- WHAT TO PRODUCE -
Set down the data below exactly; pictures stay out.

*** LISTED ENTRIES ***

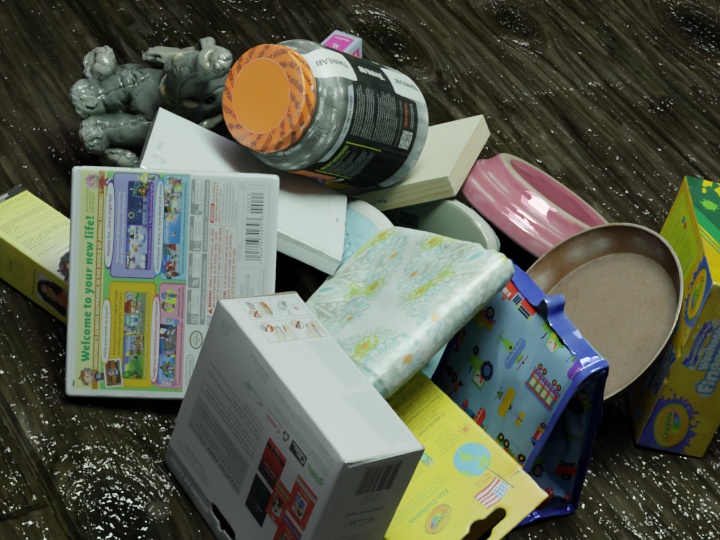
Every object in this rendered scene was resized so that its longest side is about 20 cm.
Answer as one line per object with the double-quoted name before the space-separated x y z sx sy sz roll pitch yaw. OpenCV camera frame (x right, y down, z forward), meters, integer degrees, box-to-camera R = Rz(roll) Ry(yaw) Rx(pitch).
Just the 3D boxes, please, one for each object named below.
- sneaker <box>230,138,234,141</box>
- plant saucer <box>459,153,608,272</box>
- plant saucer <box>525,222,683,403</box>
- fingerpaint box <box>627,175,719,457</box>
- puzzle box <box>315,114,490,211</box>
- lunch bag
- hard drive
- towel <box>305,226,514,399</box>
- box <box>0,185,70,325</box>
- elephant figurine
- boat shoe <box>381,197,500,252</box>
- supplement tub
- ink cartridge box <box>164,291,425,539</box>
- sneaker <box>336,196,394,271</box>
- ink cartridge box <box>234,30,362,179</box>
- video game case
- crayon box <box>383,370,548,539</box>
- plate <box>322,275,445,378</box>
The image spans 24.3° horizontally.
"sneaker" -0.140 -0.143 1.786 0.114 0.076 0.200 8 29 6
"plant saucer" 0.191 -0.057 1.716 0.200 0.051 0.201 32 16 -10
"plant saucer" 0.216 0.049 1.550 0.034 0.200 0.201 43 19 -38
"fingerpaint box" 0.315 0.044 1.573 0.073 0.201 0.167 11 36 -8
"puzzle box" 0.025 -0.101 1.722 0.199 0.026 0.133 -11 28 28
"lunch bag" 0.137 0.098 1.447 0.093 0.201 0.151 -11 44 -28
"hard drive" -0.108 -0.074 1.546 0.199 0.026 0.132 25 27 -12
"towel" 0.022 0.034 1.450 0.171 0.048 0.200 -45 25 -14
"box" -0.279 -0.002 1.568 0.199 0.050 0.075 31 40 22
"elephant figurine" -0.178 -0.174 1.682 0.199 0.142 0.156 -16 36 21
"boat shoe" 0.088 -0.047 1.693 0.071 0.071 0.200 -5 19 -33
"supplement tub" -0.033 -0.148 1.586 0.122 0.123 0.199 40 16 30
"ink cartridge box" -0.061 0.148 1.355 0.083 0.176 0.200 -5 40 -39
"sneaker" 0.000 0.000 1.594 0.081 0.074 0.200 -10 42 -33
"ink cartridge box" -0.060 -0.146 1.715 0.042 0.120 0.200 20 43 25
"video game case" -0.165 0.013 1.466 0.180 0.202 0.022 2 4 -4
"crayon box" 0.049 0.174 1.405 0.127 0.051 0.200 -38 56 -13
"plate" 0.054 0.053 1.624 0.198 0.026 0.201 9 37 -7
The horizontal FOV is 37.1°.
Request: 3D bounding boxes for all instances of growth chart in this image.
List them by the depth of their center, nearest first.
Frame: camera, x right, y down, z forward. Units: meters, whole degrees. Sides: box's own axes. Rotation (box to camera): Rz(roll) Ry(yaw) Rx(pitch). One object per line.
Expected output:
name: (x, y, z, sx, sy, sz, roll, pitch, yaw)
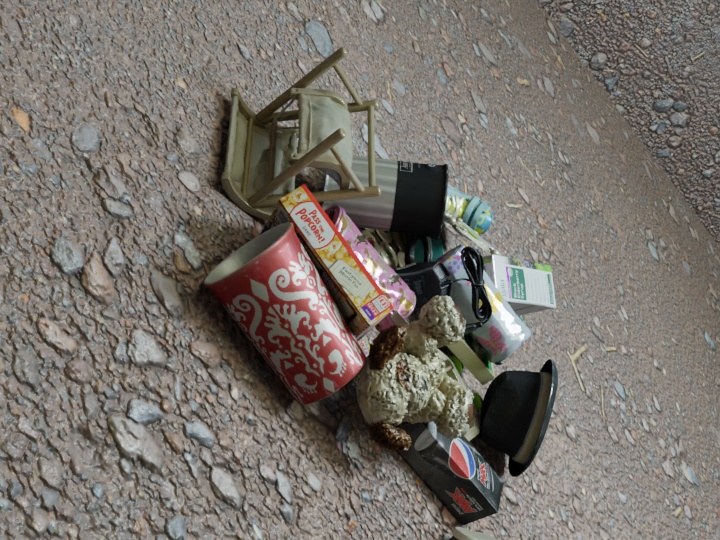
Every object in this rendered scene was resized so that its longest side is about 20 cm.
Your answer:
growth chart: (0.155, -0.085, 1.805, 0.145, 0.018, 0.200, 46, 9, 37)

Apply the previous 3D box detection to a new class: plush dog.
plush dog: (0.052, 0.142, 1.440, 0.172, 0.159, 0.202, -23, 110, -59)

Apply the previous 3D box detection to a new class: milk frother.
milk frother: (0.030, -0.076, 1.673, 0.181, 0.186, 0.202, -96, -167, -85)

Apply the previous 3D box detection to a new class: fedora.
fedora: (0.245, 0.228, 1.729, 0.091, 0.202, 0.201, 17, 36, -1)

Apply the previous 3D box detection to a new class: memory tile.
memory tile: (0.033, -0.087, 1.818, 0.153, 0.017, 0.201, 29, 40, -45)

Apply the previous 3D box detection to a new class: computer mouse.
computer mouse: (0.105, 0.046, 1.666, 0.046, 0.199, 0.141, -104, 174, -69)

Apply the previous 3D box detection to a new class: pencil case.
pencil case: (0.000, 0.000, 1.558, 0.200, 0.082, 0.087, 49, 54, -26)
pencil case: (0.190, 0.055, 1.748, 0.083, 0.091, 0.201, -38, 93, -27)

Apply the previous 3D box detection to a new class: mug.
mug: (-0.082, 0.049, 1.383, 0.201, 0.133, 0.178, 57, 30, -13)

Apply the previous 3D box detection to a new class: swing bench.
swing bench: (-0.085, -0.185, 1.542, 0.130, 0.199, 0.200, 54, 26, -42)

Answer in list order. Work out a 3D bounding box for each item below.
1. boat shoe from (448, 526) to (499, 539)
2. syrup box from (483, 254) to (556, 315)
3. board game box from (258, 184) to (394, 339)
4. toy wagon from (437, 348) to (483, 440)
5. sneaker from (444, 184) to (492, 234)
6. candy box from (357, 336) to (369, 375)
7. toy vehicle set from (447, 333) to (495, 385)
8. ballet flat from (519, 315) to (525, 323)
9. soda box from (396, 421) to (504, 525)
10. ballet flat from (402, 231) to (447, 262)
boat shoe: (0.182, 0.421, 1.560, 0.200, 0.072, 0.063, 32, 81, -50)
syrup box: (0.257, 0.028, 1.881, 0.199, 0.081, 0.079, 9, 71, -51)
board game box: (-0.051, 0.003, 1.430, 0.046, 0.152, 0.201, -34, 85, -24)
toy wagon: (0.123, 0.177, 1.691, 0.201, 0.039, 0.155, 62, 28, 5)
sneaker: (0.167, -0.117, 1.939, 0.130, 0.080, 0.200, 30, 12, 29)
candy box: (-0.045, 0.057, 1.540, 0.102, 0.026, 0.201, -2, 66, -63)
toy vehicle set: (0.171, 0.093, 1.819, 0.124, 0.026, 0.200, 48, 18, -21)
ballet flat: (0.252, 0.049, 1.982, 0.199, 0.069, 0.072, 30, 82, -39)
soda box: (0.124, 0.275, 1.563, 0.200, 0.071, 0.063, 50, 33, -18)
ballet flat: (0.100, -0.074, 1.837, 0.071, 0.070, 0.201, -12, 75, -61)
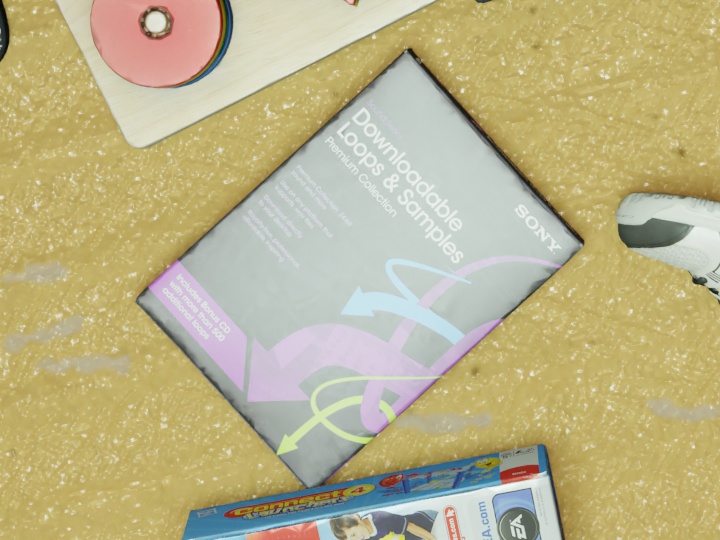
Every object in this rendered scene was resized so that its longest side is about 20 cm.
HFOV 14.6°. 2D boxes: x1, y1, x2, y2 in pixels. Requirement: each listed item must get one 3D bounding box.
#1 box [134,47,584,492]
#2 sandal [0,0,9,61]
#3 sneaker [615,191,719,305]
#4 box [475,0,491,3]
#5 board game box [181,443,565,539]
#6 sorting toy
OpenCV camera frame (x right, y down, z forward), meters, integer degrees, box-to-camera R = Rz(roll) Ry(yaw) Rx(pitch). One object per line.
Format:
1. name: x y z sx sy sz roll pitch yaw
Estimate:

*** End of LISTED ENTRIES ***

- FINAL ANSWER -
Every object in this rendered scene was resized so that its longest side is about 20 cm.
Answer as one line per object with the double-quoted name before the space-separated x y z sx sy sz roll pitch yaw. OpenCV camera frame (x right, y down, z forward), meters, integer degrees, box-to-camera R = Rz(roll) Ry(yaw) Rx(pitch).
Just the 3D boxes, please, one for each object named below.
- sneaker <box>230,138,234,141</box>
- plant saucer <box>459,153,608,272</box>
- plant saucer <box>525,222,683,403</box>
- fingerpaint box <box>627,175,719,457</box>
- puzzle box <box>315,114,490,211</box>
- lunch bag
- hard drive
- towel <box>305,226,514,399</box>
- box <box>0,185,70,325</box>
- elephant figurine
- boat shoe <box>381,197,500,252</box>
- supplement tub
- ink cartridge box <box>164,291,425,539</box>
- sneaker <box>336,196,394,271</box>
- ink cartridge box <box>234,30,362,179</box>
- video game case
- crayon box <box>383,370,548,539</box>
- plate <box>322,275,445,378</box>
The image spans 24.3° horizontally.
"sneaker" -0.140 -0.143 1.786 0.114 0.076 0.200 8 29 6
"plant saucer" 0.191 -0.057 1.716 0.200 0.051 0.201 32 16 -10
"plant saucer" 0.216 0.049 1.550 0.034 0.200 0.201 43 19 -38
"fingerpaint box" 0.315 0.044 1.573 0.073 0.201 0.167 11 36 -8
"puzzle box" 0.025 -0.101 1.722 0.199 0.026 0.133 -11 28 28
"lunch bag" 0.137 0.098 1.447 0.093 0.201 0.151 -11 44 -28
"hard drive" -0.108 -0.074 1.546 0.199 0.026 0.132 25 27 -12
"towel" 0.022 0.034 1.450 0.171 0.048 0.200 -45 25 -14
"box" -0.279 -0.002 1.568 0.199 0.050 0.075 31 40 22
"elephant figurine" -0.178 -0.174 1.682 0.199 0.142 0.156 -16 36 21
"boat shoe" 0.088 -0.047 1.693 0.071 0.071 0.200 -5 19 -33
"supplement tub" -0.033 -0.148 1.586 0.122 0.123 0.199 40 16 30
"ink cartridge box" -0.061 0.148 1.355 0.083 0.176 0.200 -5 40 -39
"sneaker" 0.000 0.000 1.594 0.081 0.074 0.200 -10 42 -33
"ink cartridge box" -0.060 -0.146 1.715 0.042 0.120 0.200 20 43 25
"video game case" -0.165 0.013 1.466 0.180 0.202 0.022 2 4 -4
"crayon box" 0.049 0.174 1.405 0.127 0.051 0.200 -38 56 -13
"plate" 0.054 0.053 1.624 0.198 0.026 0.201 9 37 -7
The horizontal FOV is 37.1°.
Request: 3D bounding boxes for all instances of growth chart in this image.
List them by the depth of their center, nearest first.
Frame: camera, x right, y down, z forward. Units: meters, whole degrees. Sides: box's own axes. Rotation (box to camera): Rz(roll) Ry(yaw) Rx(pitch). One object per line.
Expected output:
name: (x, y, z, sx, sy, sz, roll, pitch, yaw)
Every object in this rendered scene was resized so that its longest side is about 20 cm.
Your answer:
growth chart: (0.155, -0.085, 1.805, 0.145, 0.018, 0.200, 46, 9, 37)

Apply the previous 3D box detection to a new class: plush dog.
plush dog: (0.052, 0.142, 1.440, 0.172, 0.159, 0.202, -23, 110, -59)

Apply the previous 3D box detection to a new class: milk frother.
milk frother: (0.030, -0.076, 1.673, 0.181, 0.186, 0.202, -96, -167, -85)

Apply the previous 3D box detection to a new class: fedora.
fedora: (0.245, 0.228, 1.729, 0.091, 0.202, 0.201, 17, 36, -1)

Apply the previous 3D box detection to a new class: memory tile.
memory tile: (0.033, -0.087, 1.818, 0.153, 0.017, 0.201, 29, 40, -45)

Apply the previous 3D box detection to a new class: computer mouse.
computer mouse: (0.105, 0.046, 1.666, 0.046, 0.199, 0.141, -104, 174, -69)

Apply the previous 3D box detection to a new class: pencil case.
pencil case: (0.000, 0.000, 1.558, 0.200, 0.082, 0.087, 49, 54, -26)
pencil case: (0.190, 0.055, 1.748, 0.083, 0.091, 0.201, -38, 93, -27)

Apply the previous 3D box detection to a new class: mug.
mug: (-0.082, 0.049, 1.383, 0.201, 0.133, 0.178, 57, 30, -13)

Apply the previous 3D box detection to a new class: swing bench.
swing bench: (-0.085, -0.185, 1.542, 0.130, 0.199, 0.200, 54, 26, -42)

Answer in list order. Work out a 3D bounding box for each item below.
1. boat shoe from (448, 526) to (499, 539)
2. syrup box from (483, 254) to (556, 315)
3. board game box from (258, 184) to (394, 339)
4. toy wagon from (437, 348) to (483, 440)
5. sneaker from (444, 184) to (492, 234)
6. candy box from (357, 336) to (369, 375)
7. toy vehicle set from (447, 333) to (495, 385)
8. ballet flat from (519, 315) to (525, 323)
9. soda box from (396, 421) to (504, 525)
10. ballet flat from (402, 231) to (447, 262)
boat shoe: (0.182, 0.421, 1.560, 0.200, 0.072, 0.063, 32, 81, -50)
syrup box: (0.257, 0.028, 1.881, 0.199, 0.081, 0.079, 9, 71, -51)
board game box: (-0.051, 0.003, 1.430, 0.046, 0.152, 0.201, -34, 85, -24)
toy wagon: (0.123, 0.177, 1.691, 0.201, 0.039, 0.155, 62, 28, 5)
sneaker: (0.167, -0.117, 1.939, 0.130, 0.080, 0.200, 30, 12, 29)
candy box: (-0.045, 0.057, 1.540, 0.102, 0.026, 0.201, -2, 66, -63)
toy vehicle set: (0.171, 0.093, 1.819, 0.124, 0.026, 0.200, 48, 18, -21)
ballet flat: (0.252, 0.049, 1.982, 0.199, 0.069, 0.072, 30, 82, -39)
soda box: (0.124, 0.275, 1.563, 0.200, 0.071, 0.063, 50, 33, -18)
ballet flat: (0.100, -0.074, 1.837, 0.071, 0.070, 0.201, -12, 75, -61)
Every object in this rendered scene was resized so that its longest side is about 20 cm.
HFOV 14.6°. 2D boxes: x1, y1, x2, y2 in pixels. Requirement: each listed item must get one 3D bounding box.
#1 box [134,47,584,492]
#2 sandal [0,0,9,61]
#3 sneaker [615,191,719,305]
#4 box [475,0,491,3]
#5 board game box [181,443,565,539]
#6 sorting toy
OpenCV camera frame (x right, y down, z forward), meters, integer degrees, box-to-camera R = Rz(roll) Ry(yaw) Rx(pitch). One object per line.
Format:
1. name: x y z sx sy sz roll pitch yaw
Estimate:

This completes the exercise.